Bijna helft van bedrijven maakte in 2020 gebruik van coronasteun
Bijna de helft van de bedrijven met twee of meer personen in dienst maakte in 2020 gebruik van een steunmaatregel van de overheid. De meeste bedrijven deden een aanvraag voor loonsteun, daarna volgden een tegemoetkoming voor vaste lasten en uitstel van betalingen. In totaal deed 48 procent van de bedrijven een steunverzoek.
Het Centraal Bureau voor de Statistiek berekende dat op basis van voorlopige cijfers in opdracht van het ministerie van Economische Zaken en Klimaat.
Het meest werd gebruikgemaakt van de NOW-regeling (28 procent) - deze staat ook wel bekend als de loonsteun. Daarna volgde de TOGS/TVL-regeling (24 procent) - de steun voor vaste lasten - en de uitstel van belastingbetaling (22 procent). Een deel van de bedrijven gebruikte een combinatie van deze regelingen.
Zelfstandige ondernemers zijn niet in deze berekeningen meegenomen. Zij konden aanspraak maken op de Tozo-regeling.

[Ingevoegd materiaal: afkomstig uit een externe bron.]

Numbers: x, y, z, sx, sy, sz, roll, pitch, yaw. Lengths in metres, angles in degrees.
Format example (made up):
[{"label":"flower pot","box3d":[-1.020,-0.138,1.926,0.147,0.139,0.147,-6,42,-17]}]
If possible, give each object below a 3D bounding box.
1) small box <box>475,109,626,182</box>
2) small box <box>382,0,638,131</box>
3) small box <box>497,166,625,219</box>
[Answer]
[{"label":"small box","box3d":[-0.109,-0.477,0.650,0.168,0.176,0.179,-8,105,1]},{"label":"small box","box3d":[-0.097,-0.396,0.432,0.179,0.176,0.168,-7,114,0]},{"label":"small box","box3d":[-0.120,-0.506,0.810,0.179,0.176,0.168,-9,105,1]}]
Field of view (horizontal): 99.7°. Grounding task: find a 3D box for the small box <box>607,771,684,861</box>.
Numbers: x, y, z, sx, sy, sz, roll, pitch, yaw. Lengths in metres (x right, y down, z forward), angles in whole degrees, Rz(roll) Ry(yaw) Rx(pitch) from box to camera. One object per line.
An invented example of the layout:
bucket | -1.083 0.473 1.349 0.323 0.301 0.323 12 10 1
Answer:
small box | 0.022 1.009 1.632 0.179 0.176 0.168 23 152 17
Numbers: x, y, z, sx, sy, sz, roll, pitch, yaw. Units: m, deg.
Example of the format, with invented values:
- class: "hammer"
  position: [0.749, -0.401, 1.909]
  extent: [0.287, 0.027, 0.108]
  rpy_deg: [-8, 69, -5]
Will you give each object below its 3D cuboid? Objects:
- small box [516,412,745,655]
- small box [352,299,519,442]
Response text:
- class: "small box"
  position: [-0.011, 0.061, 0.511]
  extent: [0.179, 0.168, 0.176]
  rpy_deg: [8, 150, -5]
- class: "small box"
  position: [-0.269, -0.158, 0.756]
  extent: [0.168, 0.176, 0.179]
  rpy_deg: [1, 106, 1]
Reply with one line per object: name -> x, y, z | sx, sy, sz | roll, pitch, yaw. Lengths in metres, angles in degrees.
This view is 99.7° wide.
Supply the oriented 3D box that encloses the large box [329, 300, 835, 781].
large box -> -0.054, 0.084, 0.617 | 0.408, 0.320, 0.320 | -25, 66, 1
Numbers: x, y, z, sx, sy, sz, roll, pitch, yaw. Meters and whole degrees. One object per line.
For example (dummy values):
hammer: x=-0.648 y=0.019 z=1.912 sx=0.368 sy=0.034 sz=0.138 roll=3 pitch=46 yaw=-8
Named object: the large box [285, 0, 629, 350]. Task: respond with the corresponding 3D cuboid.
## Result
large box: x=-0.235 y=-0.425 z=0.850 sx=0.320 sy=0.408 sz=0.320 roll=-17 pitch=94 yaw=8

De meeste steun werd aangevraagd door horecabedrijven. Horecabedrijven moesten maanden hun deuren gesloten houden. Hetzelfde overkwam de overige dienstverlening (zoals kappers en schoonheidssalons) en cultuur, sport en recreatie. Ook vanuit deze sectoren kwamen veel aanvragen voor steun.
Tijdens de eerste aanvraagperiode maakten de meeste bedrijven gebruik van de regeling voor loonkosten of vaste lasten. In de tweede aanvraagperiode was dat minder, maar toen waren er ook minder maatregelen van kracht. De economie groeide in het derde kwartaal met 7,8 procent ten opzicht van het kwartaal eerder.
Toen aan het einde van het jaar eerst de horeca en later veel andere sectoren weer dicht moesten, nam het gebruik van de loonsteun weer toe. Wel waren er minder aanvragen dan bij de eerste aanvraagperiode.